• What you will do
Repeat the entire listing exactly.

• Records to use
------------------------------------------------------------------------
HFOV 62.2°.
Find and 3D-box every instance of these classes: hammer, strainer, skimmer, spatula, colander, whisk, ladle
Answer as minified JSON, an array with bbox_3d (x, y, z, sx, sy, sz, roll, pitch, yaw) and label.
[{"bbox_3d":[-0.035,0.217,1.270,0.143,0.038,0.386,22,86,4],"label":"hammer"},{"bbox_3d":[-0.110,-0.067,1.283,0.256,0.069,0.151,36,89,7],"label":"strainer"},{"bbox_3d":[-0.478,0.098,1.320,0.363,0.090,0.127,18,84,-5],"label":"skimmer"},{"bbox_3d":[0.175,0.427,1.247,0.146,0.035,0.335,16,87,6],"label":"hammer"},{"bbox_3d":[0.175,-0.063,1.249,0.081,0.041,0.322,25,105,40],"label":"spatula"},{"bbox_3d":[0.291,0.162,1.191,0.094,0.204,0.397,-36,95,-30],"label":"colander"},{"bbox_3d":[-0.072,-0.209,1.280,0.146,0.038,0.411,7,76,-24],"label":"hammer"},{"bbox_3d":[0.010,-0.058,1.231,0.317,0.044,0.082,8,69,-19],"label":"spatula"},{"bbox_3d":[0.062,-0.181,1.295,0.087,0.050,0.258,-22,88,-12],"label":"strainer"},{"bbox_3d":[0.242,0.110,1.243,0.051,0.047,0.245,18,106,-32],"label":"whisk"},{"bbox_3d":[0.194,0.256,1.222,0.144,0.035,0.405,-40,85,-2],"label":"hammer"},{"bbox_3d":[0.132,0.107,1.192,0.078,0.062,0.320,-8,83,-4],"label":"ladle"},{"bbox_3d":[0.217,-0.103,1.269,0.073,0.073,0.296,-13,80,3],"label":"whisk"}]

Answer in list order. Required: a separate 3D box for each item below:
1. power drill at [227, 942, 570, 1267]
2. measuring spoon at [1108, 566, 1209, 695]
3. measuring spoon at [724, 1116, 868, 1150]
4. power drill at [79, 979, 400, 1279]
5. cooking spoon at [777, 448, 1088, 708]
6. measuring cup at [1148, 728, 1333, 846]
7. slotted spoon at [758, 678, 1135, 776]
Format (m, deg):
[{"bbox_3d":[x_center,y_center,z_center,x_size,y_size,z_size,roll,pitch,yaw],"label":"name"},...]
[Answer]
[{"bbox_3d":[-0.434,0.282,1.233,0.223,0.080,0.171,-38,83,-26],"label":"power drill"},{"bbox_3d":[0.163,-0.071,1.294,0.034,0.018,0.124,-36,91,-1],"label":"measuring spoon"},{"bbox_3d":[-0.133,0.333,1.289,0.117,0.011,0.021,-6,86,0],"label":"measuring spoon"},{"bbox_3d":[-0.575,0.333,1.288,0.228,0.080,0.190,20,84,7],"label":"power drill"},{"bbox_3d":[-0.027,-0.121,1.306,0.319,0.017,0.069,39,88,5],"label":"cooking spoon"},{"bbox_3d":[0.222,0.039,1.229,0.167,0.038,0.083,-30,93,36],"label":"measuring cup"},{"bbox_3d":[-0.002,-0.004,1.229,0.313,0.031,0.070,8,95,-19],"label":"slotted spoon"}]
------------------------------------------------------------------------
• Task result
HFOV 62.2°.
Find and 3D-box every instance of these classes: hammer, strainer, skimmer, spatula, colander, whisk, ladle
Answer as minified JSON, an array with bbox_3d (x, y, z, sx, sy, sz, roll, pitch, yaw) and label.
[{"bbox_3d":[-0.035,0.217,1.270,0.143,0.038,0.386,22,86,4],"label":"hammer"},{"bbox_3d":[-0.110,-0.067,1.283,0.256,0.069,0.151,36,89,7],"label":"strainer"},{"bbox_3d":[-0.478,0.098,1.320,0.363,0.090,0.127,18,84,-5],"label":"skimmer"},{"bbox_3d":[0.175,0.427,1.247,0.146,0.035,0.335,16,87,6],"label":"hammer"},{"bbox_3d":[0.175,-0.063,1.249,0.081,0.041,0.322,25,105,40],"label":"spatula"},{"bbox_3d":[0.291,0.162,1.191,0.094,0.204,0.397,-36,95,-30],"label":"colander"},{"bbox_3d":[-0.072,-0.209,1.280,0.146,0.038,0.411,7,76,-24],"label":"hammer"},{"bbox_3d":[0.010,-0.058,1.231,0.317,0.044,0.082,8,69,-19],"label":"spatula"},{"bbox_3d":[0.062,-0.181,1.295,0.087,0.050,0.258,-22,88,-12],"label":"strainer"},{"bbox_3d":[0.242,0.110,1.243,0.051,0.047,0.245,18,106,-32],"label":"whisk"},{"bbox_3d":[0.194,0.256,1.222,0.144,0.035,0.405,-40,85,-2],"label":"hammer"},{"bbox_3d":[0.132,0.107,1.192,0.078,0.062,0.320,-8,83,-4],"label":"ladle"},{"bbox_3d":[0.217,-0.103,1.269,0.073,0.073,0.296,-13,80,3],"label":"whisk"}]

Answer in list order. Required: a separate 3D box for each item below:
1. power drill at [227, 942, 570, 1267]
2. measuring spoon at [1108, 566, 1209, 695]
3. measuring spoon at [724, 1116, 868, 1150]
4. power drill at [79, 979, 400, 1279]
5. cooking spoon at [777, 448, 1088, 708]
6. measuring cup at [1148, 728, 1333, 846]
7. slotted spoon at [758, 678, 1135, 776]
Format (m, deg):
[{"bbox_3d":[x_center,y_center,z_center,x_size,y_size,z_size,roll,pitch,yaw],"label":"name"},...]
[Answer]
[{"bbox_3d":[-0.434,0.282,1.233,0.223,0.080,0.171,-38,83,-26],"label":"power drill"},{"bbox_3d":[0.163,-0.071,1.294,0.034,0.018,0.124,-36,91,-1],"label":"measuring spoon"},{"bbox_3d":[-0.133,0.333,1.289,0.117,0.011,0.021,-6,86,0],"label":"measuring spoon"},{"bbox_3d":[-0.575,0.333,1.288,0.228,0.080,0.190,20,84,7],"label":"power drill"},{"bbox_3d":[-0.027,-0.121,1.306,0.319,0.017,0.069,39,88,5],"label":"cooking spoon"},{"bbox_3d":[0.222,0.039,1.229,0.167,0.038,0.083,-30,93,36],"label":"measuring cup"},{"bbox_3d":[-0.002,-0.004,1.229,0.313,0.031,0.070,8,95,-19],"label":"slotted spoon"}]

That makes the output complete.